▶ ASSIGNMENT
Go from the first line below to the one with "const [inputStates, setInputStates]" and print each line exactly.

(Stored items from a collection)
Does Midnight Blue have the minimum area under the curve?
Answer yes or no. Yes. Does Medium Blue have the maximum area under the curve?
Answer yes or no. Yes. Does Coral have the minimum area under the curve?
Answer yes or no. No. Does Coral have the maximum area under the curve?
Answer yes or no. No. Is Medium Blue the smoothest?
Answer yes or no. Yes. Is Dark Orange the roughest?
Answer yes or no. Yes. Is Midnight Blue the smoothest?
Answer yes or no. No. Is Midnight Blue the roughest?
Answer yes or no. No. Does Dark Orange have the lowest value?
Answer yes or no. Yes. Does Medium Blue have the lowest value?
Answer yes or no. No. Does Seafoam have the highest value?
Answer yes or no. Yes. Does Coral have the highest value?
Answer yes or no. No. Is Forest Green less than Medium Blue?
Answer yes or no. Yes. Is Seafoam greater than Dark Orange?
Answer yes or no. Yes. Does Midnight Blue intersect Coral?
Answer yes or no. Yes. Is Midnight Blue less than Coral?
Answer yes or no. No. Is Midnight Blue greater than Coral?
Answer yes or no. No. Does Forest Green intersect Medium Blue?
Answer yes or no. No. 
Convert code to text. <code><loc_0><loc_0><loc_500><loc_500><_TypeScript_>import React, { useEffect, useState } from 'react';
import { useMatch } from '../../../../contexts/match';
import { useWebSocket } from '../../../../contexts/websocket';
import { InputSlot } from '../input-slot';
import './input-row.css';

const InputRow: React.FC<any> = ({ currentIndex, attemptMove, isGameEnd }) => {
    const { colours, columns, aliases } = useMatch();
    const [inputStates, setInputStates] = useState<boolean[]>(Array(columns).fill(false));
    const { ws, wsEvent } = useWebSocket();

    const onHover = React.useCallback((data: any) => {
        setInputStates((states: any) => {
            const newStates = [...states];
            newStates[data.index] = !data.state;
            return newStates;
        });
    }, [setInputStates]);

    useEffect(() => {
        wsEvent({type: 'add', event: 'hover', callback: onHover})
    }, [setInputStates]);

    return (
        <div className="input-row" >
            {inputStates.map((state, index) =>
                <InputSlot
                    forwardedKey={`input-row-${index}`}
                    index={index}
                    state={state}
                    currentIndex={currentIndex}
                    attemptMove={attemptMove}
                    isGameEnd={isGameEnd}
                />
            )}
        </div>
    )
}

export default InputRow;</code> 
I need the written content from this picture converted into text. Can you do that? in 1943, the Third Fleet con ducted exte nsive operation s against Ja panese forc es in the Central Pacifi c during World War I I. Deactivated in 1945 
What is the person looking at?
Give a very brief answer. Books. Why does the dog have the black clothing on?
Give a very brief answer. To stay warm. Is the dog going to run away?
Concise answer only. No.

▶ EXERCISE OUTPUT
Does Midnight Blue have the minimum area under the curve?
Answer yes or no. Yes. Does Medium Blue have the maximum area under the curve?
Answer yes or no. Yes. Does Coral have the minimum area under the curve?
Answer yes or no. No. Does Coral have the maximum area under the curve?
Answer yes or no. No. Is Medium Blue the smoothest?
Answer yes or no. Yes. Is Dark Orange the roughest?
Answer yes or no. Yes. Is Midnight Blue the smoothest?
Answer yes or no. No. Is Midnight Blue the roughest?
Answer yes or no. No. Does Dark Orange have the lowest value?
Answer yes or no. Yes. Does Medium Blue have the lowest value?
Answer yes or no. No. Does Seafoam have the highest value?
Answer yes or no. Yes. Does Coral have the highest value?
Answer yes or no. No. Is Forest Green less than Medium Blue?
Answer yes or no. Yes. Is Seafoam greater than Dark Orange?
Answer yes or no. Yes. Does Midnight Blue intersect Coral?
Answer yes or no. Yes. Is Midnight Blue less than Coral?
Answer yes or no. No. Is Midnight Blue greater than Coral?
Answer yes or no. No. Does Forest Green intersect Medium Blue?
Answer yes or no. No. 
Convert code to text. <code><loc_0><loc_0><loc_500><loc_500><_TypeScript_>import React, { useEffect, useState } from 'react';
import { useMatch } from '../../../../contexts/match';
import { useWebSocket } from '../../../../contexts/websocket';
import { InputSlot } from '../input-slot';
import './input-row.css';

const InputRow: React.FC<any> = ({ currentIndex, attemptMove, isGameEnd }) => {
    const { colours, columns, aliases } = useMatch();
    const [inputStates, setInputStates] = useState<boolean[]>(Array(columns).fill(false));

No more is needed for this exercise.